I am sure, many of you would be wondering what this is all about, and some might have heard it also. So you don’t have to search it further. I am going to give you some heads up:
- Soundex is a phonetic pattern-matching system created mainly for the American census. It was developed earlier by Margaret K. Odell and Robert C. Russell and also was awarded for their efforts.
- The main function of Soundex is to order the same sounding names together, which also turns out to be very useful for dealing with the database application containing the contact informaion.
- For e.g., was it Smith or Smythe? Chapple, Chapel or Chapelle? The Soundex Functions makes it easy to recognize these difficulties.
- This system uses a simple phonetic algorithm to reduce each name to a four character alphanumeric code.

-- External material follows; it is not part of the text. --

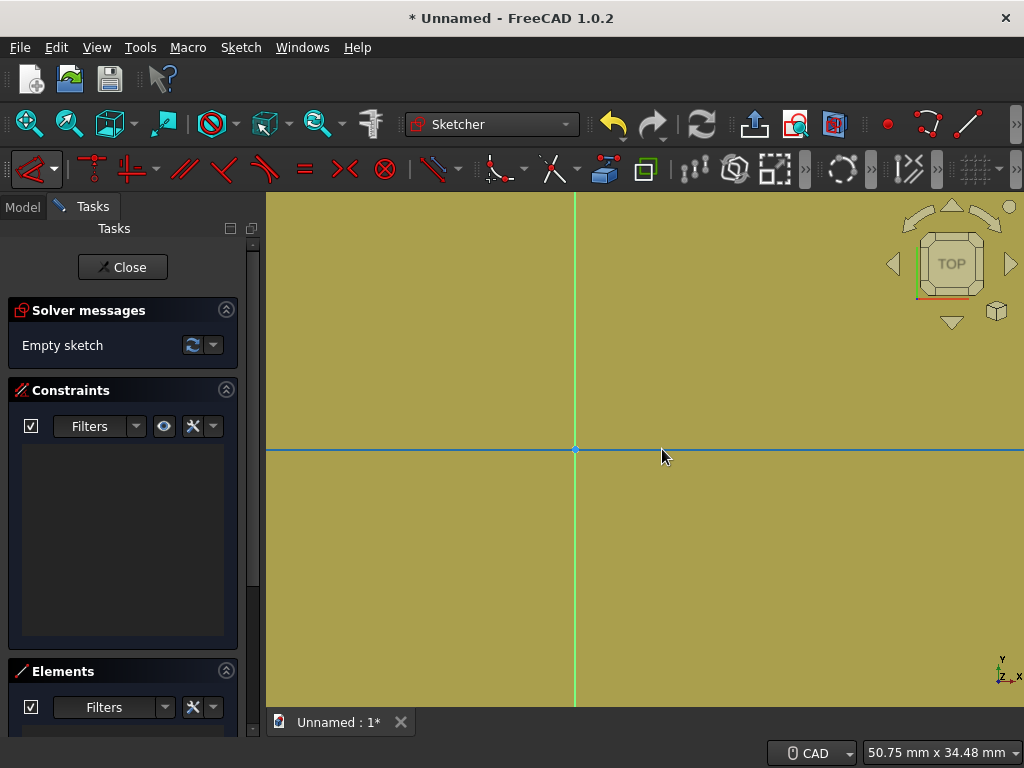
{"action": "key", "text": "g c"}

- The first letter of the code corresponds to the first letter of the name. The remainder of the code consists of three digits derived from the syllables of the word according to the following code:
- 1 = B, F, P, V
- 2 = C, G, J, K, Q, S, X, Z
- 3 = D, T
- 4 = L
- 5 = M,N
- 6 = R
- The double letters with the same Soundex code, A, E, I, O, U, H, W, Y, and some prefixes are being disregarded. Like “Piyush” becomes “P200” by the following method:
- The P is stored.
- The i, y and u are disregarded.
- The s is stored as Soundex code 2.
- The h is disregarded.
- As you know to reduce each name to a 4-character alphanumeric code, then in the rest two places put 0’s
- You can see more examples like:
- Elephant = E415 (l=4, p=1, n=5)
- Computer = C513 (m=5, p=1, t=3)
- Database = D312 (t=3, b=1, s=2)
- SQL Server includes two Soundex-related functions, SOUNDEX () and DIFFERENCE (). We discuss each of them briefly:
Using the SOUNDEX () function:
- The SOUNDEX (string) function calculates the Soundex code for a string in SQL Server as follows:
- So we can use it easily in the SELECT statement and in the WHERE clause, as follows:
USE TEST SELECT FName, LName FROM dbo.Students WHERE SOUNDEX('Pareshan') = SOUNDEX(FName);
The result can be seen as follows where similar sounding Names are in one column:
- This implementation has the smaller impact on the data schema, but it will cause performance issues as the data size grows because the SOUNDEX() function must execute for every row in the database, due to which an index on the name column cannot be used with an efficient seek operation, but only with a much more expensive scan.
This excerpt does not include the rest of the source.